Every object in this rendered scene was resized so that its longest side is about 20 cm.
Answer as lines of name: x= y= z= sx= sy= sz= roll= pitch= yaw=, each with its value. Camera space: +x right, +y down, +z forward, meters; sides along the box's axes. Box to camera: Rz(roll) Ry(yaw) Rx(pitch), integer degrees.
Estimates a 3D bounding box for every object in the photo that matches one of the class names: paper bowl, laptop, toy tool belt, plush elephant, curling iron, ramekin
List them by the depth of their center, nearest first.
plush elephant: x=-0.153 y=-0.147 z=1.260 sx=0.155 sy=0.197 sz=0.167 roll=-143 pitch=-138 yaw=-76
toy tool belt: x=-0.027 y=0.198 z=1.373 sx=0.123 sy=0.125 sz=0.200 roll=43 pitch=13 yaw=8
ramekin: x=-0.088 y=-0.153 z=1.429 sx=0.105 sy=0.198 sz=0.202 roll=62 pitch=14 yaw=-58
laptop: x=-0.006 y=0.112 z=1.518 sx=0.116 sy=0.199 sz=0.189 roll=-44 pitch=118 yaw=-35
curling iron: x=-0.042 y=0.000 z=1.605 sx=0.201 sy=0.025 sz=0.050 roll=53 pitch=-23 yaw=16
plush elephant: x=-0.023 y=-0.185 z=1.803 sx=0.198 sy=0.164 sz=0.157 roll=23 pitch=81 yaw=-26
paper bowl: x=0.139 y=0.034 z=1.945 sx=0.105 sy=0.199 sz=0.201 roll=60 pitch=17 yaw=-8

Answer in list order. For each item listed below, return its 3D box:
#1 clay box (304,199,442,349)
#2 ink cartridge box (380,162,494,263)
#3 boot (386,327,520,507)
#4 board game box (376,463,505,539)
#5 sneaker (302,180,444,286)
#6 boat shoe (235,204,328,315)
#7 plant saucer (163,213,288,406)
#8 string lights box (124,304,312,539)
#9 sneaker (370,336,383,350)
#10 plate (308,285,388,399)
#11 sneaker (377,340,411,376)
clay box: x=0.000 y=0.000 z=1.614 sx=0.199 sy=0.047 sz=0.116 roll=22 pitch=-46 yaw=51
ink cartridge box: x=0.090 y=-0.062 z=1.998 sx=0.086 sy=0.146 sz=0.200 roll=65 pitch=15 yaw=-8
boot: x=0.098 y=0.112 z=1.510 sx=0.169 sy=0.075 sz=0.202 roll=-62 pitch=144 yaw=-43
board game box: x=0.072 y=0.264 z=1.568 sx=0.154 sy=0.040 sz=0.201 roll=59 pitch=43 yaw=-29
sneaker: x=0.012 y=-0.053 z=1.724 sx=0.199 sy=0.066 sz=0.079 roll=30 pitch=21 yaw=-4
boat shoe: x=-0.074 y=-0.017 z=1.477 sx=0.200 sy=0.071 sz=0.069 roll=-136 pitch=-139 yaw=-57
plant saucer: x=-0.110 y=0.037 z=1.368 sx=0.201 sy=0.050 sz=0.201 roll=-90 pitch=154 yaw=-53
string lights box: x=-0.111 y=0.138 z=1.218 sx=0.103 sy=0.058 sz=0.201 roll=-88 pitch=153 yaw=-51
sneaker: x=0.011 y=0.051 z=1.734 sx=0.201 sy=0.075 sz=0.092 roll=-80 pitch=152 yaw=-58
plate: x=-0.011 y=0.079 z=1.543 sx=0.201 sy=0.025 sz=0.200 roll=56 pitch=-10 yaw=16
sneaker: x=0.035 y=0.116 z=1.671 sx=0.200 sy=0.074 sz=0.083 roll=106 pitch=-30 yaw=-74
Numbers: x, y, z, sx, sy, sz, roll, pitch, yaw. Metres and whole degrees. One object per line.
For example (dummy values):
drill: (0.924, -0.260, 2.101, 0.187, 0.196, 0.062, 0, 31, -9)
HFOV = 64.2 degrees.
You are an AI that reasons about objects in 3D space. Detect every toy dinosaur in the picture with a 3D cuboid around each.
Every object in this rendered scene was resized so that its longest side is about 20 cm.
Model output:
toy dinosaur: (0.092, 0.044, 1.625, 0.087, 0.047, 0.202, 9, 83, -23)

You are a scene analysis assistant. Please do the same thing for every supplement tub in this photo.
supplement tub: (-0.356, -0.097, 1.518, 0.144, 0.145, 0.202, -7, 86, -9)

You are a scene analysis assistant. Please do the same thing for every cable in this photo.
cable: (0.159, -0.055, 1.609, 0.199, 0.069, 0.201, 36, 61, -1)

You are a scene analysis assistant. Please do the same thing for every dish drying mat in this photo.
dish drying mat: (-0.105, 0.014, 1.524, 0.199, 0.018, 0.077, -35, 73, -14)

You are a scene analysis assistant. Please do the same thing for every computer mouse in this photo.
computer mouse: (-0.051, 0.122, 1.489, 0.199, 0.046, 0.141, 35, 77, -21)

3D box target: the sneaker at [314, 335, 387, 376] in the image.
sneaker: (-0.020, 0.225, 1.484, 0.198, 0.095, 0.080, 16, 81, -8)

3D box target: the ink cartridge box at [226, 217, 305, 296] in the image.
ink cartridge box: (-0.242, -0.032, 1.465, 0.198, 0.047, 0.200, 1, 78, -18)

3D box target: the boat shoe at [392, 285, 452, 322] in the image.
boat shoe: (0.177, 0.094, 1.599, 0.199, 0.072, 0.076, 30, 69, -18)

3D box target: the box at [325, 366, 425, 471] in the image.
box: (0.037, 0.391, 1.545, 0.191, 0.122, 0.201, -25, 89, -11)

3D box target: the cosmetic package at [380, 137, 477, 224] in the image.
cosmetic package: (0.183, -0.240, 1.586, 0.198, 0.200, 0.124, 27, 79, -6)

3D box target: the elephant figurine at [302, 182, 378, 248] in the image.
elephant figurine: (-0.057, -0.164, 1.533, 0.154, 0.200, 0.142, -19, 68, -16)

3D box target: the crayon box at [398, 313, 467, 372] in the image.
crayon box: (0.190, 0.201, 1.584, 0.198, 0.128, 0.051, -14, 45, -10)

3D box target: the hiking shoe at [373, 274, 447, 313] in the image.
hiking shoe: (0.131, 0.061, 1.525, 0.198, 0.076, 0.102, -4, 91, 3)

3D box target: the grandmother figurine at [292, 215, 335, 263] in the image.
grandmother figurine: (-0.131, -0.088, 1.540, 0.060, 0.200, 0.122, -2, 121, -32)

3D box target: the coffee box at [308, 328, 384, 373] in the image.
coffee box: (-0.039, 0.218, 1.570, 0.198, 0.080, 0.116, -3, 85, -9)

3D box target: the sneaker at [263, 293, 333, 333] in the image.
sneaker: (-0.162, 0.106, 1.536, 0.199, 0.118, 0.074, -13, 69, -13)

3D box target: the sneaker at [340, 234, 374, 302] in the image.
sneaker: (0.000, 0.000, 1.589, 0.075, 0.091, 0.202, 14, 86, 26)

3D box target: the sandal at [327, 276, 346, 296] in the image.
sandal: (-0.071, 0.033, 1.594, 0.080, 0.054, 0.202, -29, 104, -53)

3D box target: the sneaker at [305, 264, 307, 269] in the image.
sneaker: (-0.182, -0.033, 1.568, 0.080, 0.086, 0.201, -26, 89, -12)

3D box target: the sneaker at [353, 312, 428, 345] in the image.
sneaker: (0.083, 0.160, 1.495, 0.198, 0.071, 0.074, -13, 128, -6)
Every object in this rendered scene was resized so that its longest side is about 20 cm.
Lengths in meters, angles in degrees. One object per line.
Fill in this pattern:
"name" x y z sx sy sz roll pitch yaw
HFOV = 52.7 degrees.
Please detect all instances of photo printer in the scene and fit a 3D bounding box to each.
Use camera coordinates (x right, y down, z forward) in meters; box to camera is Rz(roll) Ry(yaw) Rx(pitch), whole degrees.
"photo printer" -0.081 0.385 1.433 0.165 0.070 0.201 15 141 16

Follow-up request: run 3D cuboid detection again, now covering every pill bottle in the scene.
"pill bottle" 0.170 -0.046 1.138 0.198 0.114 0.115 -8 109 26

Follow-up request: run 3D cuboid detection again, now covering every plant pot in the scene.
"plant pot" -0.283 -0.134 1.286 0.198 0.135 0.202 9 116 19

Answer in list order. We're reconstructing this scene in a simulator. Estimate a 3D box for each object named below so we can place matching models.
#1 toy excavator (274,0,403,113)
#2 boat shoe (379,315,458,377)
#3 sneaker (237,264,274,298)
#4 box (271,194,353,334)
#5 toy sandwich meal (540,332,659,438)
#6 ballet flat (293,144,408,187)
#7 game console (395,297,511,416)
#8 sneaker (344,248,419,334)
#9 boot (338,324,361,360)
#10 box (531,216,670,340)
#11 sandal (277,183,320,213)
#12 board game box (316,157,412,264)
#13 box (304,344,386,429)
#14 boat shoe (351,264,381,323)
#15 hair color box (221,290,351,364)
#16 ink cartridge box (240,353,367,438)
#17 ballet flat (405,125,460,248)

◇ ◇ ◇

- _EXERCISE OBJECTIVE_
Write the number of lines in the data above that contain the word "bounding", and add nothing to it.

- _ANSWER FOR THIS EXERCISE_
2